Looking back, I wish I’d spent as much time on the human figures as I did on the monster, but still, for a sketch, I enjoyed drawing The Haunter of the Dark. Lovecraft’s final horror story was adapted into a full atmospheric reading by HP Podcraft, and re-listening to it, I was struck by how dreamy it is: an archetypal vision of dark crumbling streets and doomed antiquarians almost like an early Thomas Ligotti story (although I guess the influence is vice versa). There’s some evocative images there.

And of course, the star of the piece is Nyarlathotep, the Haunter itself. I’d always pictured its monstrous form as having bat wings, but rereading the story, I realized the only definite adjectives attached to its form are that it’s really huge, it’s got wings (not specifically *bat* wings), and the “three-lobed burning eye”. For this drawing I went with a moth-like shape, or rather a mishmash of moths and various other arthropods, with hopefully not too much of the inevitable H.R. Giger influence. It moves across the night sky almost like a smoke, like a cloud, so perhaps it has no stable physical form.

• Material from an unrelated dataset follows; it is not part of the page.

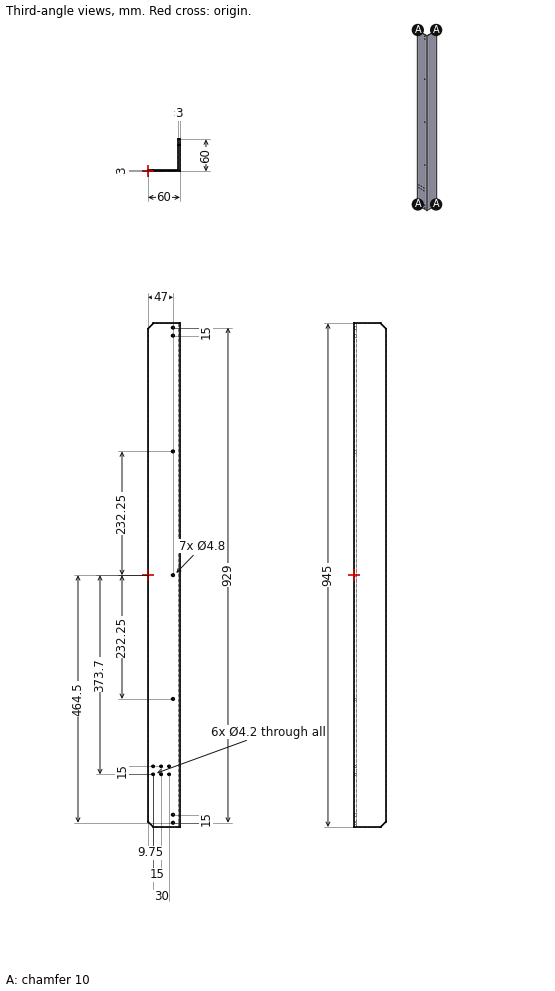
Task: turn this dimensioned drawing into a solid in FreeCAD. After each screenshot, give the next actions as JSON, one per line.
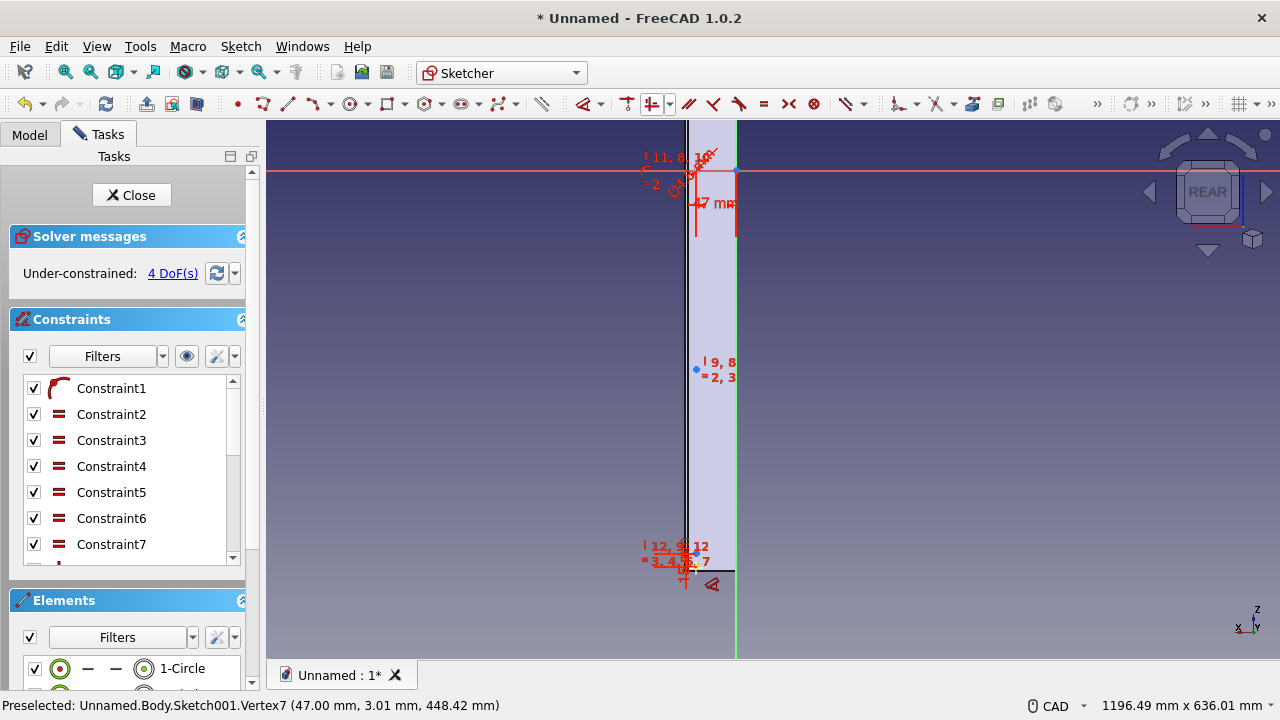
{"action": "left_click", "coordinate": [696, 567]}

Perhaps it’s not a body at all but a radiance (an anti-light radiance), a thing that fills all open spaces instantly and smothers everything the moment it is unleashed, like Cyaegha in Eddy C. Bertin’s “Darkness, My Name Is.” For the three-lobed eye, I gave Nyarlathotep the ankh-eye I used in “The Dream-Quest of Unknown Kadath,” although I’m sure that really, the Faceless God wouldn’t be pinned down by any consistent physical attribute between all its forms.